We installed Xellerate on a Windows 2000 Advanced Server running Jboss - an open source Java 2 Platform Enterprise Edition application server - and Oracle as the database back end. We integrated with Active Directory, Exchange Server 2000, and a SunOne LDAP server.
Xellerate is a complex product with a relatively steep learning curve, although it is pretty intuitive once you understand the basics. We would like to see some configuration wizards help with the integration and creation for new users.
We implemented a number of scenarios to test the flexibility and complexity Xellerate can support. We set up a policy that would automatically place any new user with "full-time" or "part-time" status in the Employees group of our schema and any user defined as an Intern in the Intern group. We then expanded these processes to automatically have Exchange and Active Directory accounts created when a new user is placed in either the Intern or Employees groups. Testing several accounts, this process worked seamlessly. However, it's important to note that to create the Exchange and Active Directory accounts, you need to have a detailed understanding of how your Active Directory implementation is configured, which might add some complexity to the set-up process.
Self-service for users
Xellerate also supports self-service and approval workflows. Self-service workflows provide forms and processes that users can complete themselves, further automating tasks and alleviating over-worked administrators. Approval workflows automate the review and acceptance processes of user requests that are often required for compliance. We tested the process of receiving a request from an employee for access to an internal site controlled through a SunOne LDAP server. We implemented a process that receives the request through a Web interface, routes the request to the employee's manager for approval and, once approved, automatically adds the user to the LDAP server. We tested several accounts with this process, and everything worked as expected.
We also extended the first process without incident to add a layer of manager approval for new Active Directory and Exchange accounts. We also created more complex workflows, providing different approval paths based on the requesting user. We established a separate approval chain for contractors requesting access to the internal site than employees, who just required manager approval.
We built processes to pre-populate configuration information for resources, such as Active Directory and Exchange. This lets the provisioning process be completely automated from end to end.

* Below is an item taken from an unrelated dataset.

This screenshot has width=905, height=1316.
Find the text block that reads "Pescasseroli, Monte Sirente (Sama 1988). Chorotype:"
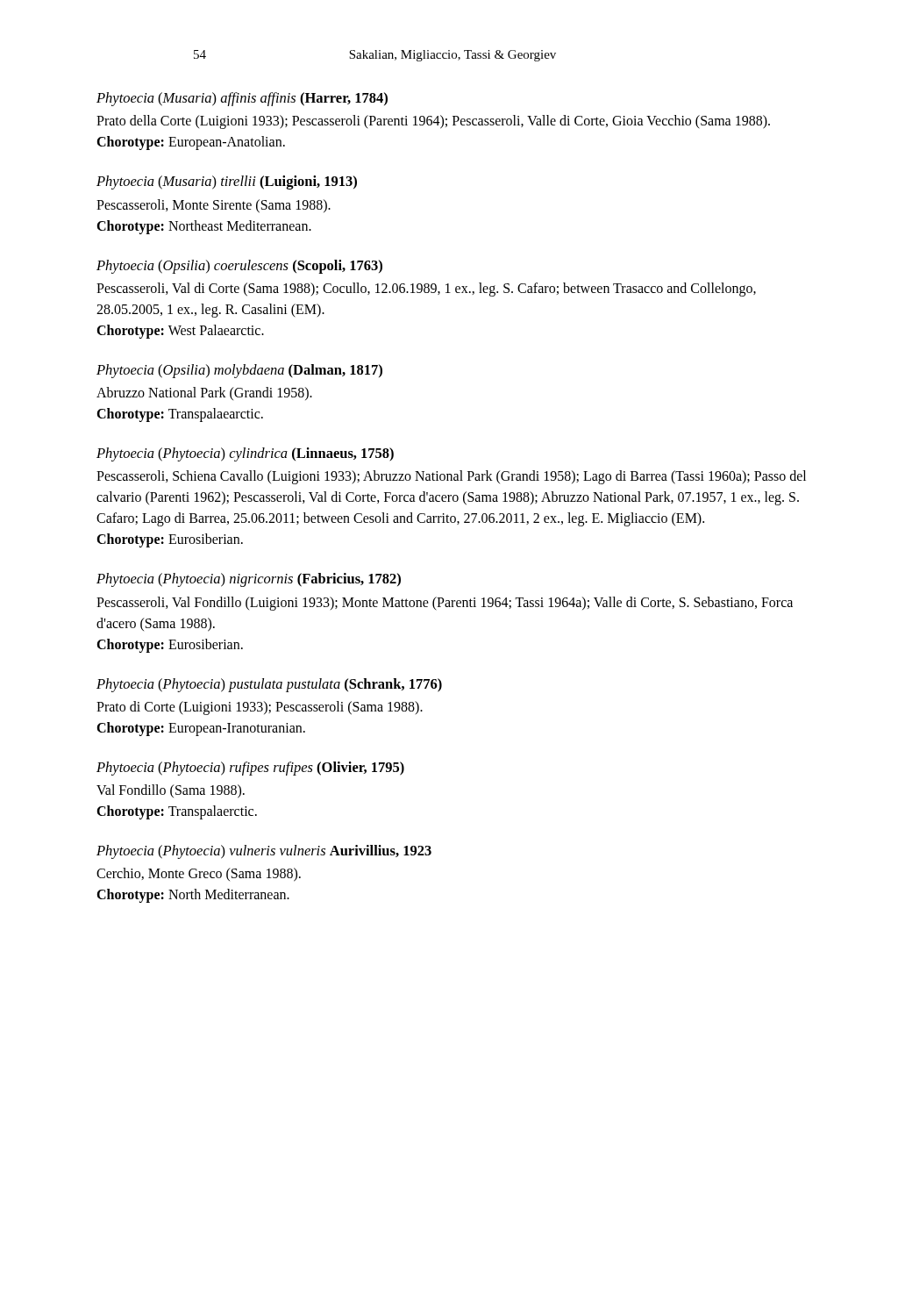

Finally, we set up direct integration with Oracle 9i to Crystal Reports software to create a number of reports from stored procedures, such as what users have which accounts, by application, provisioning date, user ID and the like. The standard reports are useful and easy to read. With the Crystal Reports engine, custom reports can be easily created with any data in the database.
With all the regulations and audit requirements now required for many organisations, provisioning products help automate implementation and track adherence to defined policies for creating and approving application access. Thor's Xellerate is a very powerful, complex tool. While the learning curve is a bit steep to get everything going, once the base is set up and all the integration is complete, you are only limited by your imagination when it comes to process implementation and automation.
Up there with authentication and authorisation, account provisioning is one of the big three components in any identity management scheme. We found that Thor Technologies' latest version of Xellerate Identity Manager (8.01) provides flexible account provisioning across a multitude of products and technologies, supporting even the most complex of workflows.